## ASSIGNMENT
Using the data below, return all lines in which "list" appears.

[Stored dataset items]
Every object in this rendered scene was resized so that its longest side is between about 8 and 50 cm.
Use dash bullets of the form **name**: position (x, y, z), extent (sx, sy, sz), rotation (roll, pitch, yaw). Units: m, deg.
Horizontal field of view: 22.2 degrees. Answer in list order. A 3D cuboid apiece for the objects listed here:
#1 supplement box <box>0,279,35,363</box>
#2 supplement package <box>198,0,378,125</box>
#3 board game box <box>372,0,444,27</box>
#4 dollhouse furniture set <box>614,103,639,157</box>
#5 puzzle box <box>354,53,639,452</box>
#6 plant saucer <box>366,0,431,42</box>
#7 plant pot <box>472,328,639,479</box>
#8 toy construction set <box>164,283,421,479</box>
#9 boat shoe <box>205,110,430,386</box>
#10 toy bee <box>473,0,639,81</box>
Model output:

* * *

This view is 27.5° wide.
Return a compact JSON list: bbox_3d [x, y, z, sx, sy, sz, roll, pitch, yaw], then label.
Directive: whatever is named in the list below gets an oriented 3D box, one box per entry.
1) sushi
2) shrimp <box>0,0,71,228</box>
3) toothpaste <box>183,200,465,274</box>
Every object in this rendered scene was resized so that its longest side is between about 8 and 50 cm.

...

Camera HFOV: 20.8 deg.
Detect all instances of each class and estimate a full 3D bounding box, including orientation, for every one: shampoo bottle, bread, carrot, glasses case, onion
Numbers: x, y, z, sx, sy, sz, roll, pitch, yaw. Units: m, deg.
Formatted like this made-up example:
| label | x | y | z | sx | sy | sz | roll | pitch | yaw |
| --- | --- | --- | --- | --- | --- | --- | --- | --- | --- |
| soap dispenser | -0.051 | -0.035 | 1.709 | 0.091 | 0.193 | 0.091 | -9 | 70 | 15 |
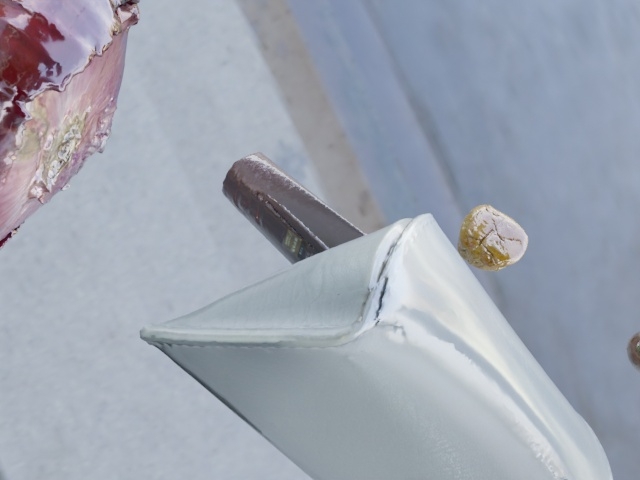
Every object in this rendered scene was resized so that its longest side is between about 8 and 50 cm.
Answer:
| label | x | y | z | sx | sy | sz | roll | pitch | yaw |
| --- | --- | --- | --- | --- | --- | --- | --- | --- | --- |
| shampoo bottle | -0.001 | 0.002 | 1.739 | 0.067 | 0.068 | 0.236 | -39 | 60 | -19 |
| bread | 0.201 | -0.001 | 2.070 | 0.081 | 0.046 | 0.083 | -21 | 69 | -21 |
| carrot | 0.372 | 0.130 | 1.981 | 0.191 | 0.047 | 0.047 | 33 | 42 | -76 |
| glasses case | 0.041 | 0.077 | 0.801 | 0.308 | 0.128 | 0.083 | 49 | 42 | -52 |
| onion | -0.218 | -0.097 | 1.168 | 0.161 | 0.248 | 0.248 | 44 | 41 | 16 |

## YOUR SOLUTION
Horizontal field of view: 22.2 degrees. Answer in list order. A 3D cuboid apiece for the objects listed here:
Return a compact JSON list: bbox_3d [x, y, z, sx, sy, sz, roll, pitch, yaw], then label.
Directive: whatever is named in the list below gets an oriented 3D box, one box per entry.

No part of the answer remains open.